Second home ownership has grown since the 1990s, particularly in rural and coastal areas, where some communities claim it pushes up house prices, making property unaffordable for local people.

Currently, councils can reduce council tax for second homeowners by a maximum of 50 per cent, which is offered by one in five local authorities across the country.

Shelter is calling for the discount to be abolished so that councils can charge the full rate of council tax on second homes.

The report also proposes that councils are given powers to set council tax higher than the standard rate for properties that are rarely in use.

Shelter’s chief executive, Campbell Robb, said: “Our housing crisis has never run deeper, with millions on waiting lists and increasing numbers of young people unable to get on the housing ladder in their local area.

“But with government cuts of more than 60 per cent to the budget for new homes, we need to explore every possible way in which existing housing stock can be used to ease our desperate shortage of affordable homes.

“The council tax discount is effectively a tax break for people with second homes which often lie empty for large parts of the year.

“Enabling councils to respond to local housing pressures and charge the full rate of council tax, or higher, would mean they could raise vital revenue that could be used to deliver affordable housing for local people.”

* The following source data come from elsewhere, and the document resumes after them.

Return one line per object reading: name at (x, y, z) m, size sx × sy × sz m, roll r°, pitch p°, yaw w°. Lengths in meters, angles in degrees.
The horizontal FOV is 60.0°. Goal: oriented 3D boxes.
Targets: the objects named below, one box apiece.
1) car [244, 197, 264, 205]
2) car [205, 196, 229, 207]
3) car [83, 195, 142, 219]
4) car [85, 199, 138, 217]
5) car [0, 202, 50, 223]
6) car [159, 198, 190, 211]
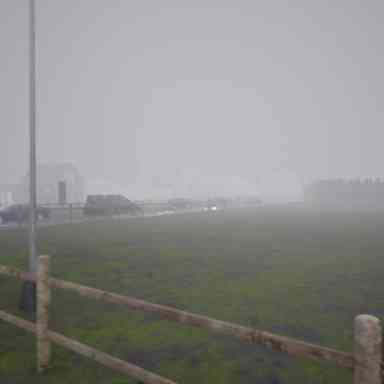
car at (10.121, 1.445, 54.281) m, size 1.994 × 1.385 × 4.181 m, roll -1°, pitch 0°, yaw 35°
car at (3.824, 1.458, 50.273) m, size 1.837 × 1.490 × 4.892 m, roll -1°, pitch 0°, yaw 34°
car at (-6.934, 1.238, 29.438) m, size 2.150 × 2.045 × 5.566 m, roll -1°, pitch 0°, yaw 34°
car at (-7.945, 1.537, 33.210) m, size 2.128 × 1.511 × 4.902 m, roll -1°, pitch 0°, yaw 35°
car at (-13.403, 1.564, 25.335) m, size 1.882 × 1.535 × 5.008 m, roll -1°, pitch 0°, yaw 36°
car at (-2.090, 1.506, 41.717) m, size 1.837 × 1.490 × 4.892 m, roll -1°, pitch 0°, yaw 34°
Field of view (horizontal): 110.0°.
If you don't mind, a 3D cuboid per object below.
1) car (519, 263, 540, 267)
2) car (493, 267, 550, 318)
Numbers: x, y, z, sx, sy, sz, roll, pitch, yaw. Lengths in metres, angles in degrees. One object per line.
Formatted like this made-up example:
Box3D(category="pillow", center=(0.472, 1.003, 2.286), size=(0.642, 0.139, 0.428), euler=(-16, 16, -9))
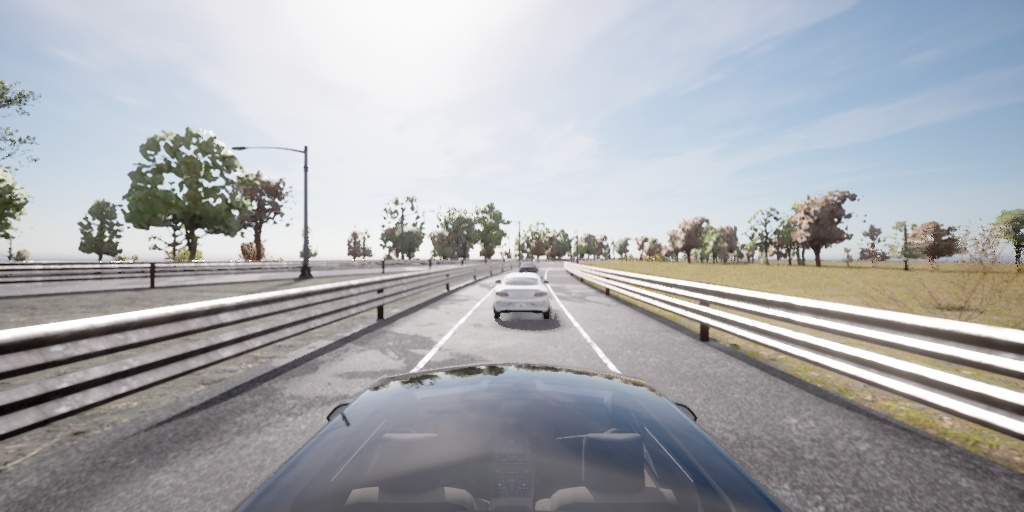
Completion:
Box3D(category="car", center=(1.663, 1.384, 34.924), size=(1.837, 1.490, 4.892), euler=(0, 0, 5))
Box3D(category="car", center=(0.365, 1.320, 13.061), size=(1.812, 1.442, 4.674), euler=(0, 0, 2))
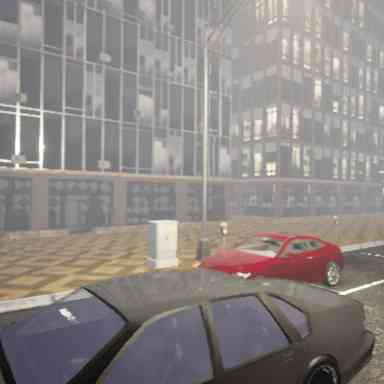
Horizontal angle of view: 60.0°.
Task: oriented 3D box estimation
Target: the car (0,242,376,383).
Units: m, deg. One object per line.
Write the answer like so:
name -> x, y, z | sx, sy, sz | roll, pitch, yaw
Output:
car -> -0.367, 1.558, 3.119 | 5.357, 1.411, 2.033 | 0, 0, -36

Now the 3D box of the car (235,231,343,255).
car -> 2.010, 1.627, 7.989 | 4.206, 1.307, 1.802 | 1, 0, -35

The charity says there is a range of policy interventions which would encourage better use of housing stock, including raising the tax threshold for householders who rent out rooms to incentivise under-occupiers to take in lodgers, and allowing local people to hold councils to account for their performance on empty homes.

Mr Robb added: “While there is a range of measures we can use to get more from the housing stock we have, the reality is this is a drop in the ocean compared to the scale of housing need. Building significant numbers of new homes is the only way to solve our housing crisis.”